There are occasionally times when specific events give rise for a little educational optimism. The change of heart at OFSTED regarding the use of data in inspections is one such, which I have mentioned before.

It will, of course, take a long time to work through a system that has been obsessed with data for several decades. But for every point of optimism, there still seem to be several heading in utterly the wrong direction, that reveal modes of thought that one might have hoped would have been completely seen-through and rejected by now. All the more regrettably, they often seem to be coming from those in policy-making positions.

One such is the recent revival of proposals to cut degree courses to two years in a drive to make them more affordable.
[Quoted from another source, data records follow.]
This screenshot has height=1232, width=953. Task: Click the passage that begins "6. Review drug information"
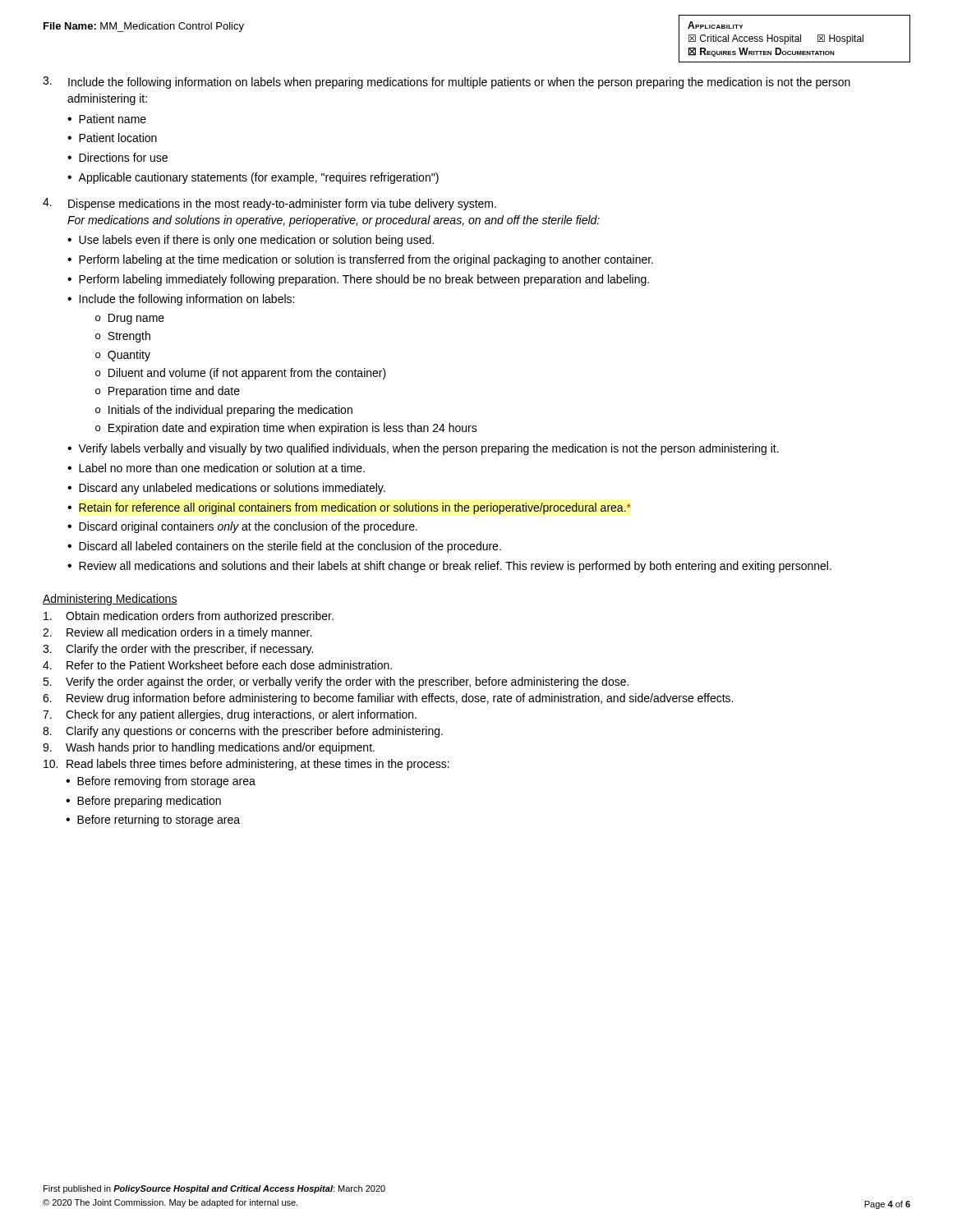pyautogui.click(x=476, y=698)
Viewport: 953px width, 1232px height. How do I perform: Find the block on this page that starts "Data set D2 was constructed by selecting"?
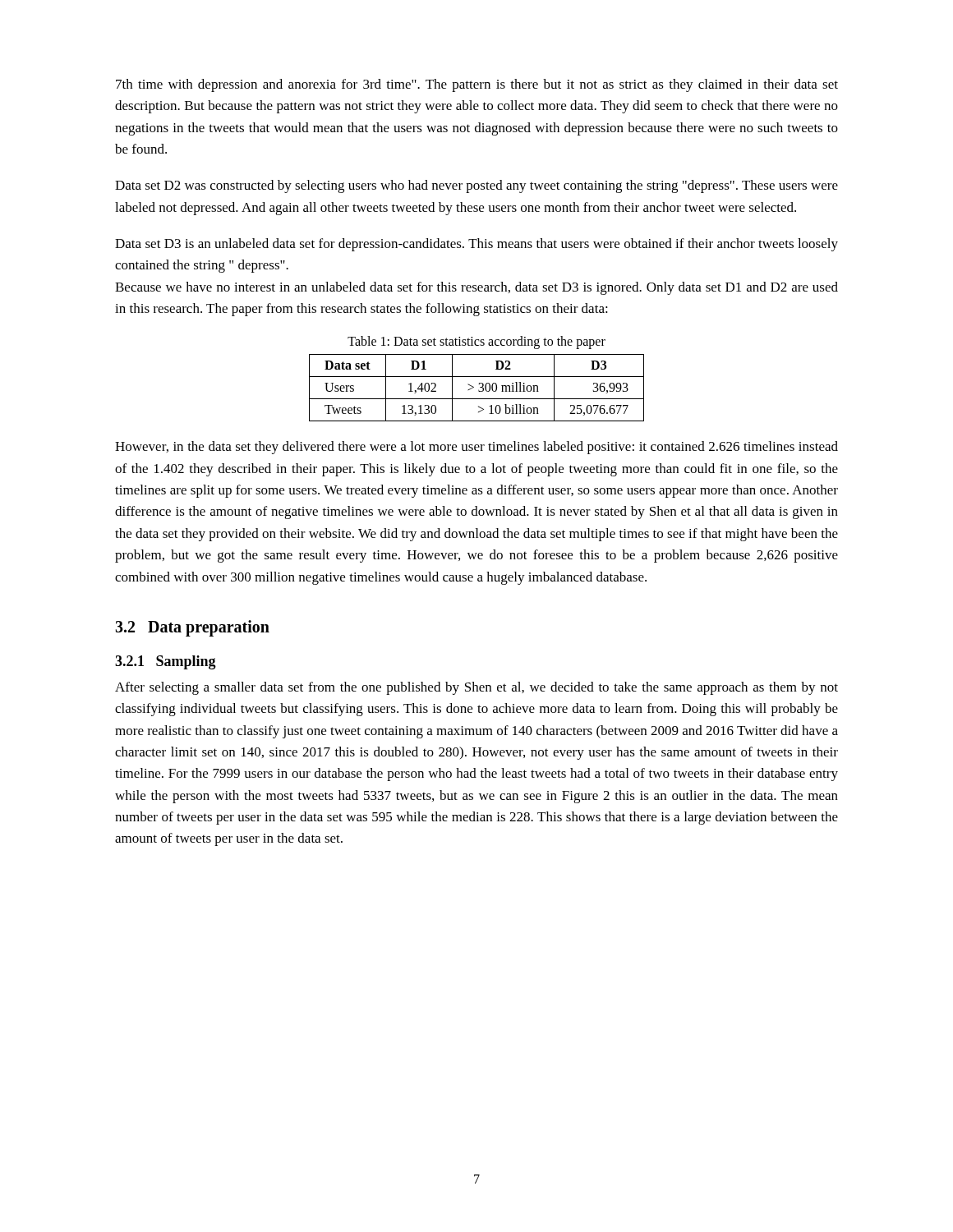[476, 197]
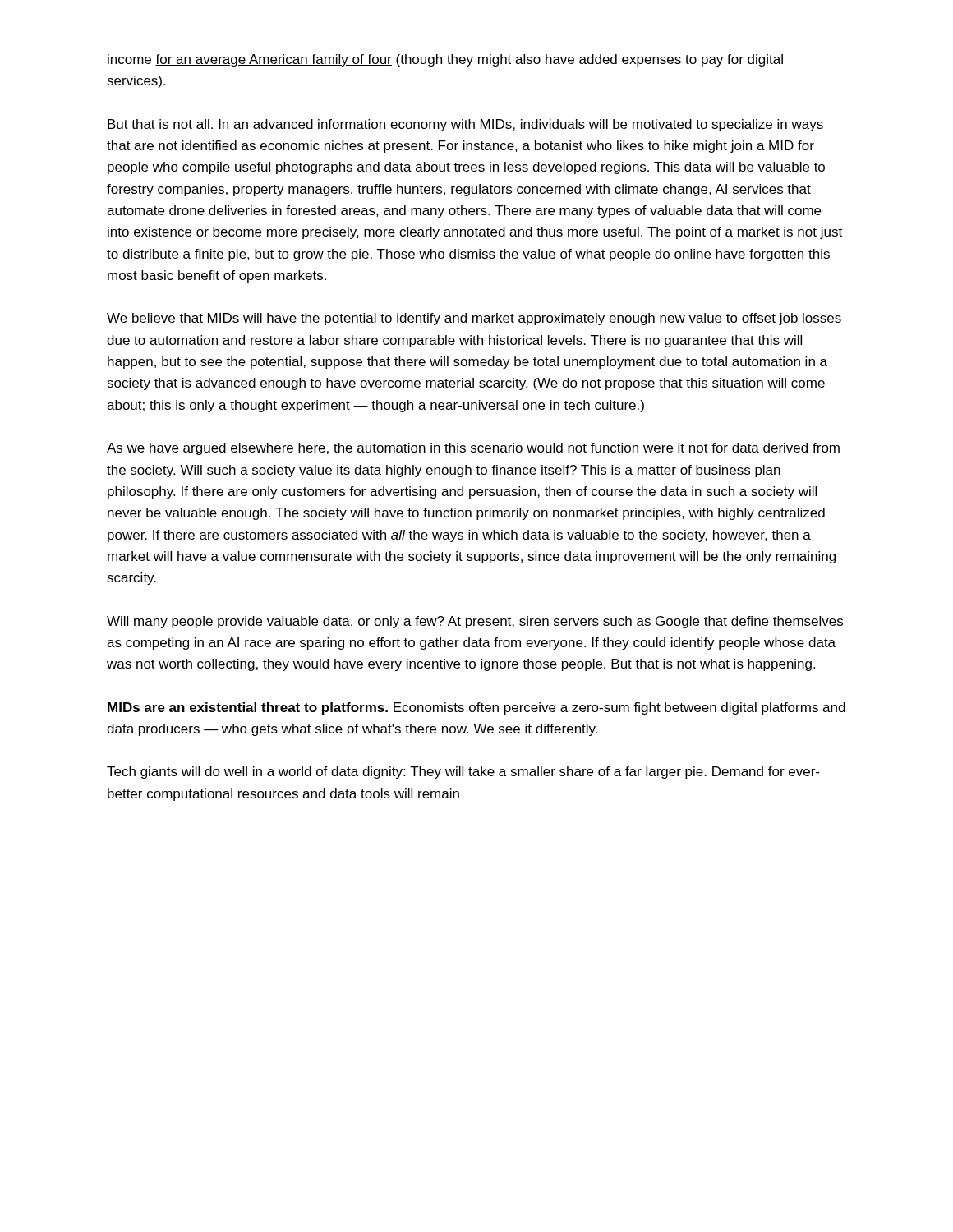Image resolution: width=953 pixels, height=1232 pixels.
Task: Locate the block starting "Will many people provide"
Action: pos(475,643)

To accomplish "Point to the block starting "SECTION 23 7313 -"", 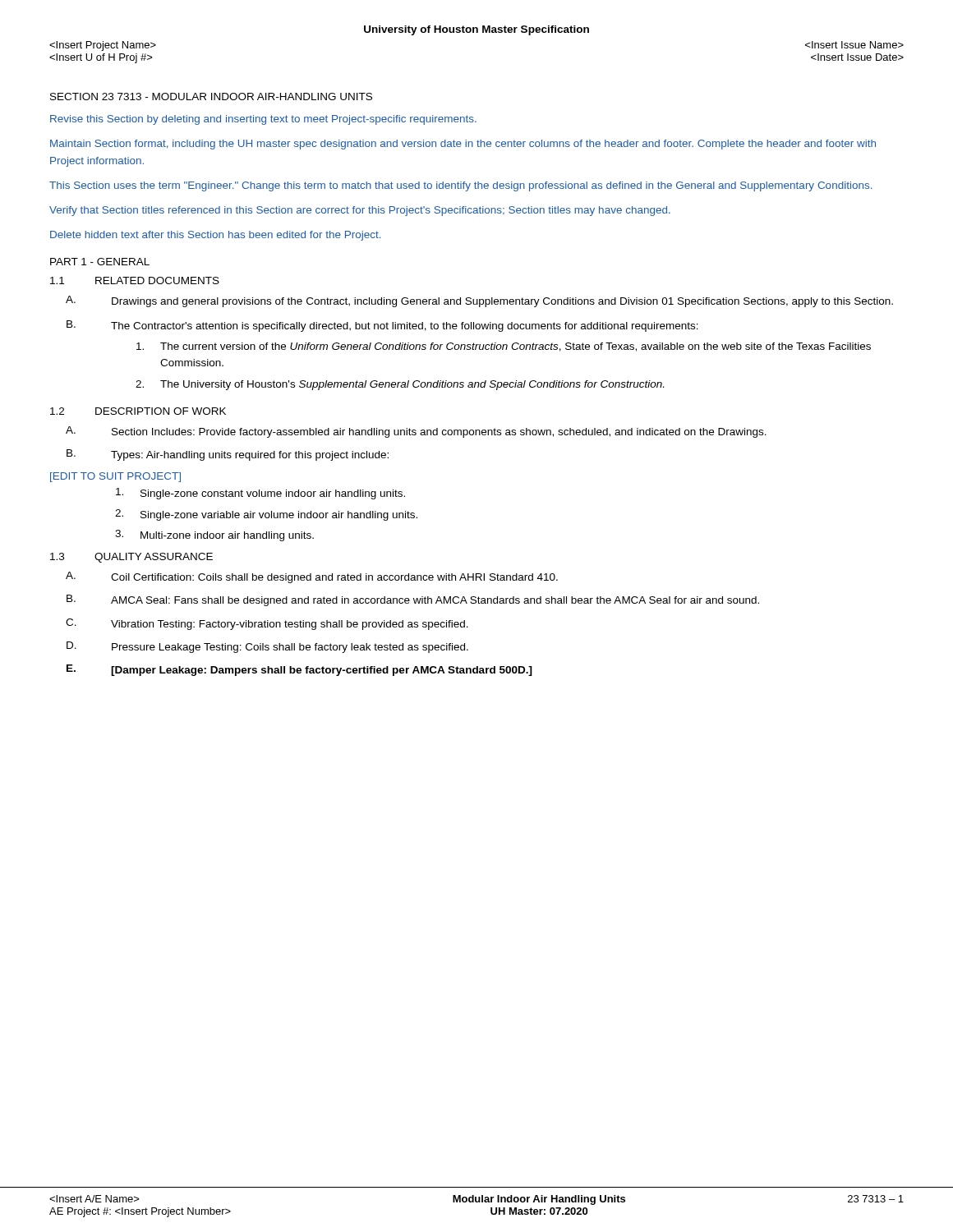I will 211,96.
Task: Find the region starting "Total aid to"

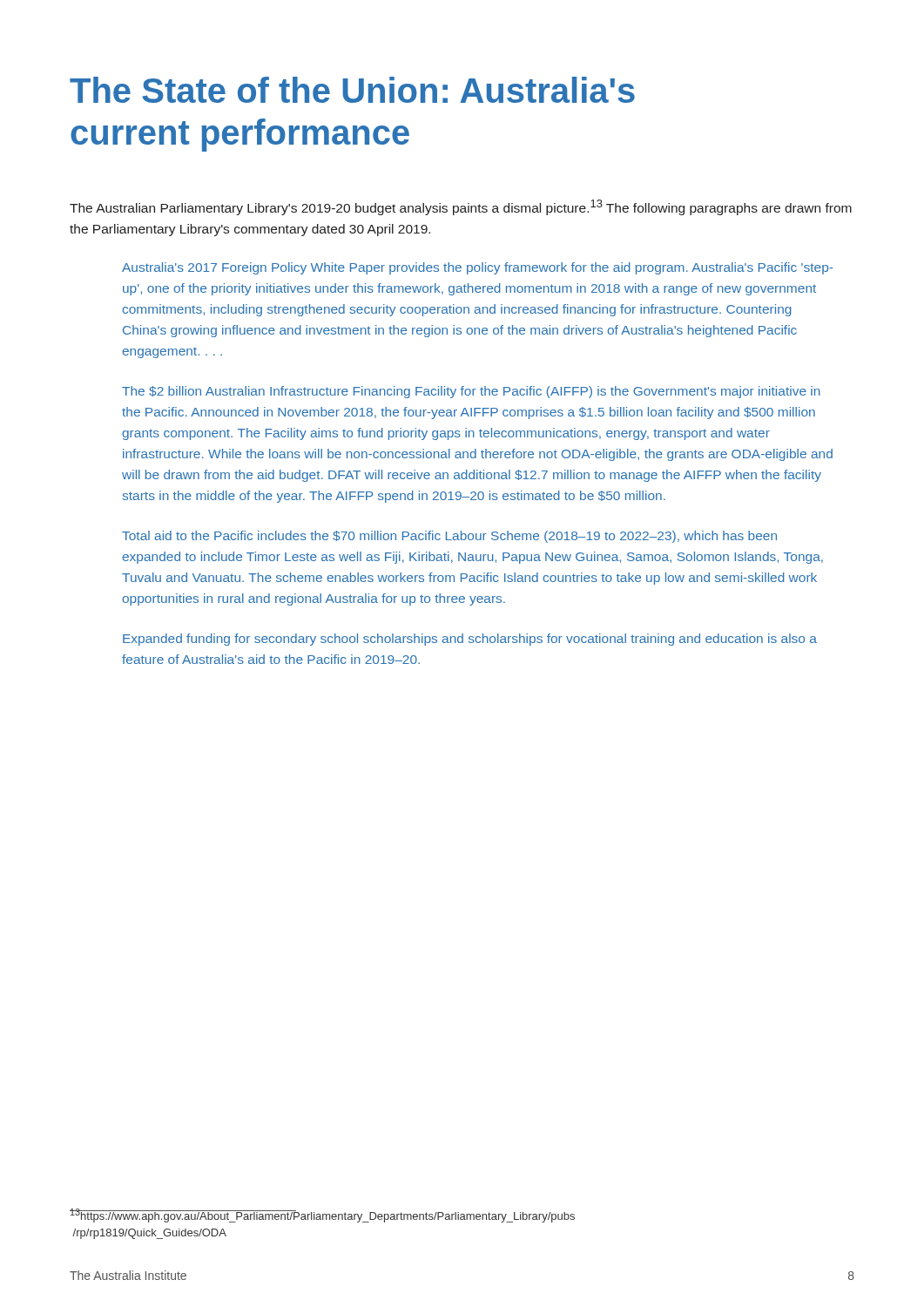Action: (x=473, y=567)

To be fair, the current proposal is intended to provide an option rather than a cover-all. But it is just another example of the extent to which educational policy remains utterly economy-driven. One might have hoped that, by now it would be widely accepted that (supposed) economic efficiency does not always deliver wider, often intangible life benefits – and given the nature of the degree ‘experience’ probably does not deliver very good value for money either. A better solution would be to cut or abolish tuition fees, so as to remove the financial pressures from the learning process.

If one sees a degree as little more than a passport to employment, then I suppose it does make sense to push people through and out into the workplace as quickly as possible. But that is utterly to miss the point of the process, and it is depressing to think that such policies very probably originate from those who went through it themselves. Does it reflect their own understanding of what they did?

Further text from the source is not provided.